Even more unusual than his proclamation of love of jeans is that in this story, it is a 17-year-old who speaks to us from the afterworld. He is our young hero who, while trying to build a "steamless paint spraying machine," is electrocuted and dies. Despite getting excellent grades at school, Wibeau becomes a dropout and moves into a garden house on the edge of East Berlin.

In his search for self-fulfillment, he comes across a copy of Goethe's The Sorrows of Young Werther while sitting in the outhouse. The GDR rebel discovers an ally in Goethe's Sturm-und-Drang hero. He's someone who is just as non-conformist as he is.
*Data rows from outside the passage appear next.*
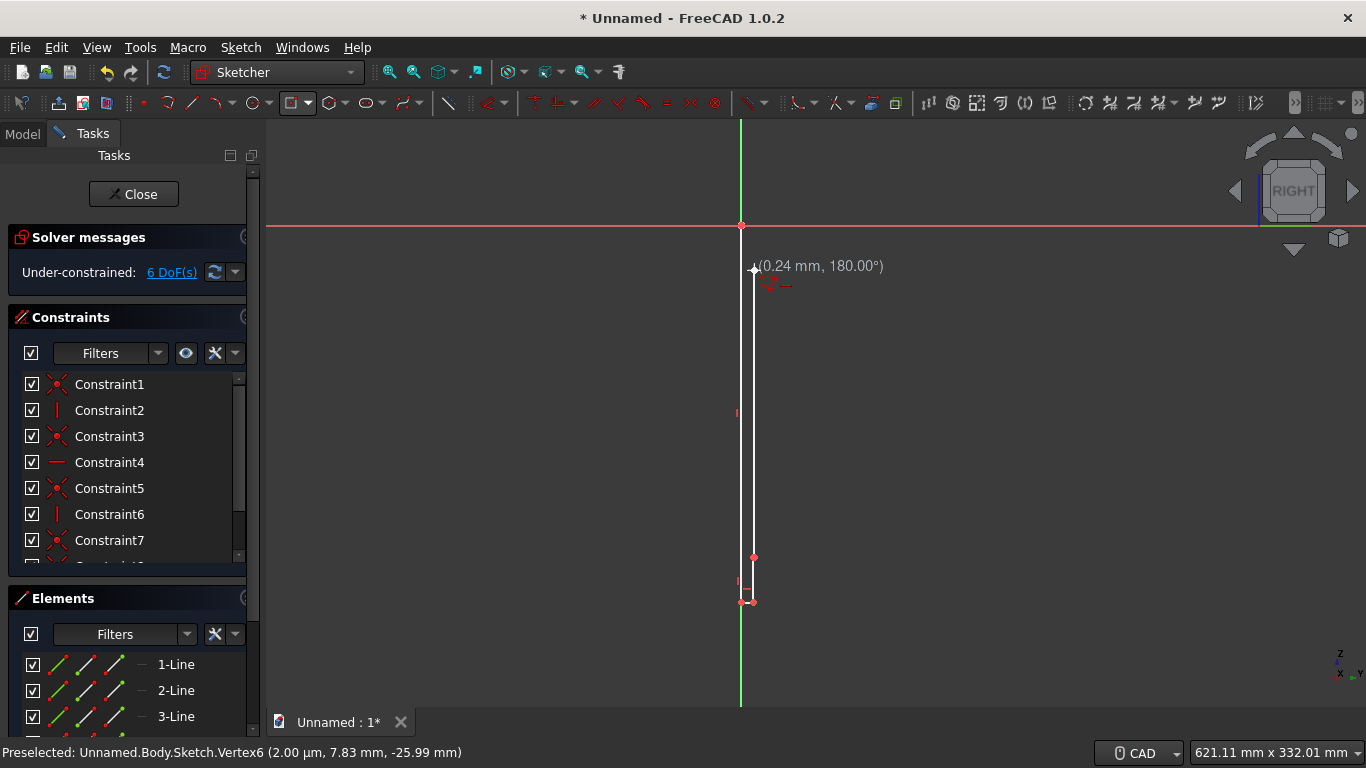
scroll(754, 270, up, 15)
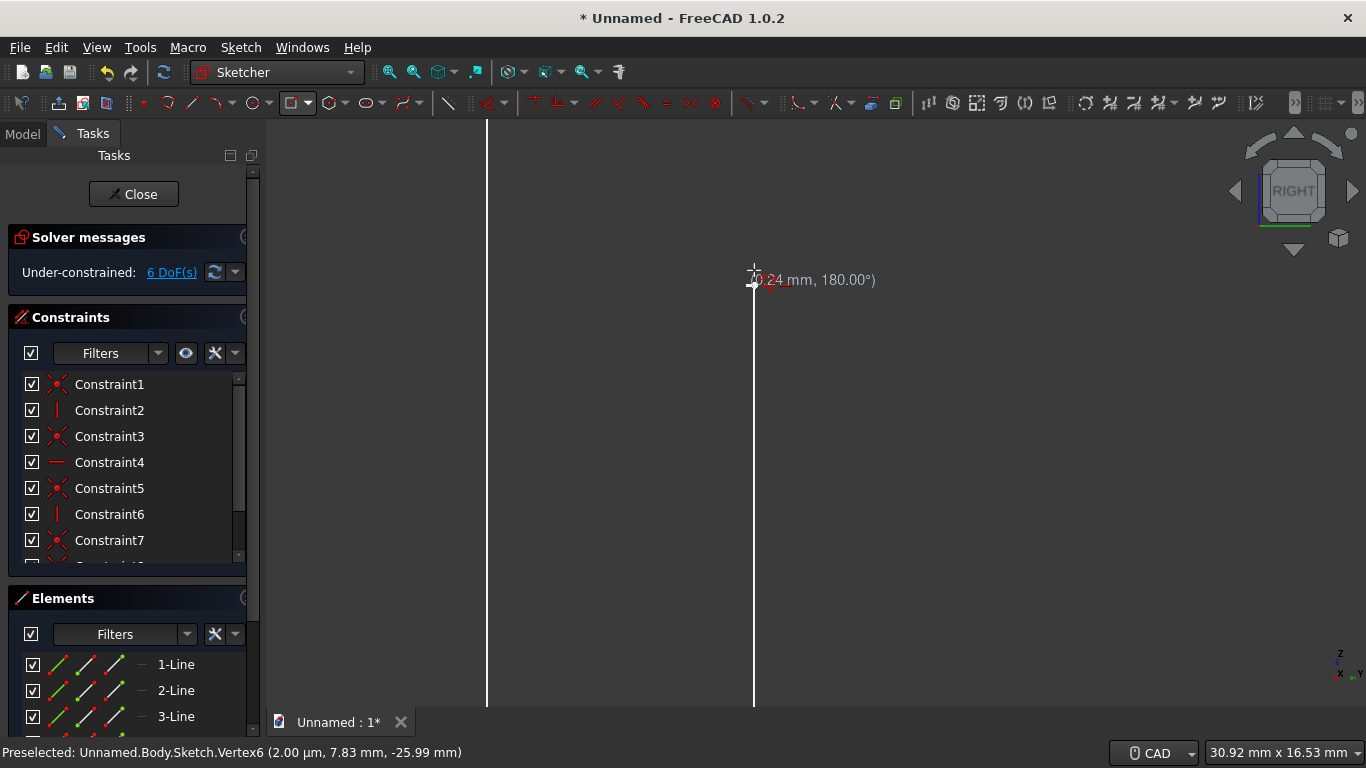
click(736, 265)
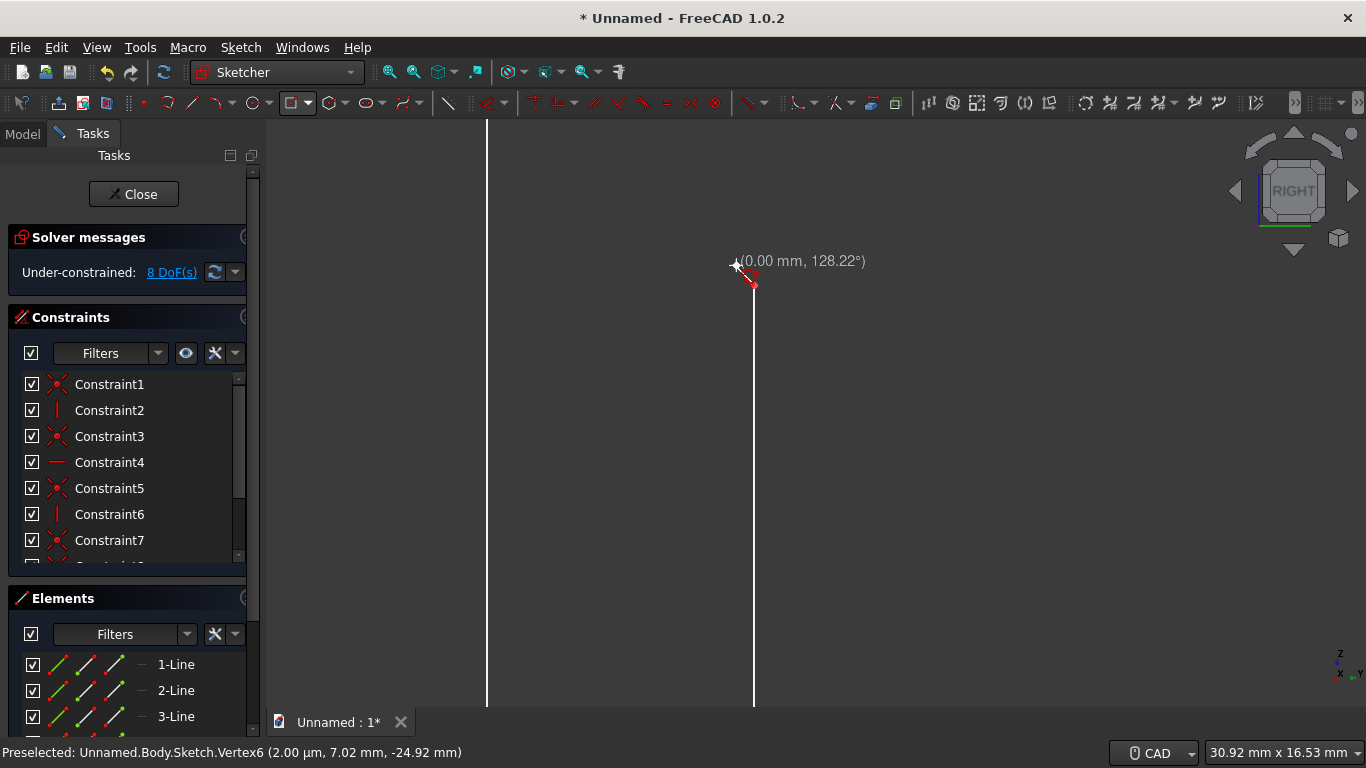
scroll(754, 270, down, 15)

This East German Werther is unable to follow the socialist path of the steadfast. He dreams of defining his own life, of freedom, and wants to live, but not the life that the political regime expects of him.

The cult of Edgar

Edgar Wibeau hit the nail on the head for an entire generation of young people in the GDR. His cheeky, youthful slang, his witty approach to Goethe's classic — all of that made him very appealing. The book moved like wildfire among young people. The previous year, Ulrich Plenzdorf's eponymous play premiered at the Landestheater in Halle, with visitors attending in droves.

Filmstill - Die neuen Leiden des jungen W.
Ulrich Plenzdorf wrote the screenplay for the 1976 filming of his novelImage: Imago/United Archives

For Ulrich Plenzdorf, there was no boundary between theater, film and literature. He rolled all his stories into televisions scripts, stage plays, novels, and other narratives. It was his seismographic feel for major and minor injustices became his celebrated trademark.

The New Sorrows of Young W. made Plenzdorf famous on both sides of the German border. The book has sold more than four million copies and has been translated into 30 languages. Edgar Wibeau is a cult figure, and such a clever one, that some German teachers have chosen Plenzdorf's story as reading material for class over Goethe's.

 

Ulrich Plenzdorf: The New Sorrows of Young W., Pushkin Collection/Penguin (German title: Die neuen Leiden des jungen W., 1973). English translation: Romy Fursland.

Ulrich Plenzdorf was born in Berlin in 1934. He first studied in Leipzig, before completing film studies in Babelsberg. He then worked as a screenplay author. His greatest success was the piece The New Sorrows of Young W., which was published as a novel in 1973. It was released as a film in 1976. After the fall of the Berlin Wall, Plenzdorf mainly wrote screenplays about East-West topics. He died in Berlin in 2007.